Exercise brief
The lines you return must be all those in the data that hold the string "section".

Supplied information
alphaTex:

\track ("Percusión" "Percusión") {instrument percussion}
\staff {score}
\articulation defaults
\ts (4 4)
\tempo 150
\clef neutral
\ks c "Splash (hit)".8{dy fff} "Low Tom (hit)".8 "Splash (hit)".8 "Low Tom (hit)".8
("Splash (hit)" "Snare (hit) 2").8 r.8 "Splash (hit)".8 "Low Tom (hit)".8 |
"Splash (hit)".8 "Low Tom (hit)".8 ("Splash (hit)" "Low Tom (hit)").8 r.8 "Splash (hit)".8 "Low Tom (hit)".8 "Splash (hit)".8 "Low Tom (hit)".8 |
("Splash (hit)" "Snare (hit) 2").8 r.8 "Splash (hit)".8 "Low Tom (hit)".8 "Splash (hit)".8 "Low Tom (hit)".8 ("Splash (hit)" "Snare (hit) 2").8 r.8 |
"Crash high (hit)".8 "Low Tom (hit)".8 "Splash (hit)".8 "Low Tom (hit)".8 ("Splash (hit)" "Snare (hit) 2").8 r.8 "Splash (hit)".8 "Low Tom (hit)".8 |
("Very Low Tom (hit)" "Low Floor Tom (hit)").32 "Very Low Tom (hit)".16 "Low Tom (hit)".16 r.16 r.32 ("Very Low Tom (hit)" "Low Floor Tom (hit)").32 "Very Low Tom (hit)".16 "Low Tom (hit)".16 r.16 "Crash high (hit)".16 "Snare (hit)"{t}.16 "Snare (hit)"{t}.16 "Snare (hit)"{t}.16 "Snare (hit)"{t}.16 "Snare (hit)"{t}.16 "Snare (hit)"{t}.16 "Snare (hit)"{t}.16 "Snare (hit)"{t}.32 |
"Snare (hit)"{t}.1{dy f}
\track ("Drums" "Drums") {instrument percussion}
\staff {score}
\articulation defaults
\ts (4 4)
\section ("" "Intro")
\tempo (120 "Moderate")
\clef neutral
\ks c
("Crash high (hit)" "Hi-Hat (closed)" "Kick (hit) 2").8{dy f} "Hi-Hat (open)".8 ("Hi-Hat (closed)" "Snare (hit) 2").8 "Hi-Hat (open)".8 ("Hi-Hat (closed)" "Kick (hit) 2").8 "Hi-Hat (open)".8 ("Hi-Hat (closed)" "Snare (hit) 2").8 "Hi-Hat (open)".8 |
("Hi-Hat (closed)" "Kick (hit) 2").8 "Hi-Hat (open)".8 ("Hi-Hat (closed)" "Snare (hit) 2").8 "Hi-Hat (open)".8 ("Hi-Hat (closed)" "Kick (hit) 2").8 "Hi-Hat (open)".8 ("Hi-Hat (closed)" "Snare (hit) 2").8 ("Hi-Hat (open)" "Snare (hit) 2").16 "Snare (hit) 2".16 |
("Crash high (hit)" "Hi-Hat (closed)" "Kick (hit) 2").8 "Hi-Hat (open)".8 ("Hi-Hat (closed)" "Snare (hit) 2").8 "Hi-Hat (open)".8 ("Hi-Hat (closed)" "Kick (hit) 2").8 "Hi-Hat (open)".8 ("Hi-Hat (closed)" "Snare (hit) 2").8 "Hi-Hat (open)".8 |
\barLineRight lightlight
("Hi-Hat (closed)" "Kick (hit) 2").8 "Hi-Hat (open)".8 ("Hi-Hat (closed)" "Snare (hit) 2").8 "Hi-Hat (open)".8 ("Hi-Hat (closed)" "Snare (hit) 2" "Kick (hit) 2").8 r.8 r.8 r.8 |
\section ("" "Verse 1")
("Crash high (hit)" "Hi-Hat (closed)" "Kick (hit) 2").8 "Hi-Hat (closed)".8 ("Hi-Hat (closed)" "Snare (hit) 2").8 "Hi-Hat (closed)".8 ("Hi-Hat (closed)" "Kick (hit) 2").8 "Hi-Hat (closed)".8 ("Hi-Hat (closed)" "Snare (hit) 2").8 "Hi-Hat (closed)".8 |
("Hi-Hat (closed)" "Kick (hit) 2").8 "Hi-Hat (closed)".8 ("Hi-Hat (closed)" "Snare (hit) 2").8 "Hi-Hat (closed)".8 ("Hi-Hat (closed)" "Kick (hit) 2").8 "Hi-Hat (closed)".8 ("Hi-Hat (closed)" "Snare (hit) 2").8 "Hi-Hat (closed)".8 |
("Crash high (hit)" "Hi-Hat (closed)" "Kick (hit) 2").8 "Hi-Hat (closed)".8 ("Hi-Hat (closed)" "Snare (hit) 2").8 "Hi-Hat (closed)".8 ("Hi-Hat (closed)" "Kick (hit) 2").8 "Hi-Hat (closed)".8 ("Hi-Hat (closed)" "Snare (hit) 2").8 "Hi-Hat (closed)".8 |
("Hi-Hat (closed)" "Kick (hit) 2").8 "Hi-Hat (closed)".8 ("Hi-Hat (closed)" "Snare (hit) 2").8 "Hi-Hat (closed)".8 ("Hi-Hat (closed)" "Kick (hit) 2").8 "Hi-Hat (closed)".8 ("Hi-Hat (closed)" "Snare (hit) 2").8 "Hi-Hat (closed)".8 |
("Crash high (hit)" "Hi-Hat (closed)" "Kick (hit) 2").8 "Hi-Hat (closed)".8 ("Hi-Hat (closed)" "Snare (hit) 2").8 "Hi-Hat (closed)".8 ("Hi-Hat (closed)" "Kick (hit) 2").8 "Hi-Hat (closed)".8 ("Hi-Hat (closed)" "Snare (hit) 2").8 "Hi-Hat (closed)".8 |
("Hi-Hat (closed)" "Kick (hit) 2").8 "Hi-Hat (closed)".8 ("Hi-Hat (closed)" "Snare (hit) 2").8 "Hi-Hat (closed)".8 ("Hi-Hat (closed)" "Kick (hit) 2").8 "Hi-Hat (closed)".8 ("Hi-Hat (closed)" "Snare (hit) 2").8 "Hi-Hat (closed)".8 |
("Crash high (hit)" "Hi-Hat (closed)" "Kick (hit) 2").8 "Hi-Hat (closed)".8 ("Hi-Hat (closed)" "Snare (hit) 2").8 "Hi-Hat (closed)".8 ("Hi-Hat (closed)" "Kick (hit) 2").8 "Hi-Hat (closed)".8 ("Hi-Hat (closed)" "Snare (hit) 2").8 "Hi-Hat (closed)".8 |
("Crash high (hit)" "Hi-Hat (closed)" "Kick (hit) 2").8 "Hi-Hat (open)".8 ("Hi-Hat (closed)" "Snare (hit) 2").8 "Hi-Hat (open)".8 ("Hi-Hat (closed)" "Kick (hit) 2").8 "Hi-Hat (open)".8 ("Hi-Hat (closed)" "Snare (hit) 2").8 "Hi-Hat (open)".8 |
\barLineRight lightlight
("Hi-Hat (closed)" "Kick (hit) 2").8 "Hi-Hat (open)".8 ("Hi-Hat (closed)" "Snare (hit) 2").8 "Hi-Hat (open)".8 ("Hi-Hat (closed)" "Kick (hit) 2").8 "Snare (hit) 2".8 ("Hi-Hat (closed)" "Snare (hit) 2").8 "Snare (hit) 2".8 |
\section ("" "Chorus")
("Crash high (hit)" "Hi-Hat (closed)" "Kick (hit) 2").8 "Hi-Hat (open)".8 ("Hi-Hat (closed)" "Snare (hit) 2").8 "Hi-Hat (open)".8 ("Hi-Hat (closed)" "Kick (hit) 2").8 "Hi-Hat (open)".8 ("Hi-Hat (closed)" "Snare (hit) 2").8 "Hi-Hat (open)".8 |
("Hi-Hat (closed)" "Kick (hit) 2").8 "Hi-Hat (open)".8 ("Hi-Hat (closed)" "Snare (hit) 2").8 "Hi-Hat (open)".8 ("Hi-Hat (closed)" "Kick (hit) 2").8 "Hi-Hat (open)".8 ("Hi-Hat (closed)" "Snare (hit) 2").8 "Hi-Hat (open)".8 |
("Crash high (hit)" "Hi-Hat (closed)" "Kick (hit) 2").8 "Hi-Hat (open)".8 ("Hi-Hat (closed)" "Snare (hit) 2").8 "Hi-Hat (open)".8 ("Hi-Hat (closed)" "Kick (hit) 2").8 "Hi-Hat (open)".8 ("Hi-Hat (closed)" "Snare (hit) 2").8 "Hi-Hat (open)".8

Written answer
\section ("" "Intro")
\section ("" "Verse 1")
\section ("" "Chorus")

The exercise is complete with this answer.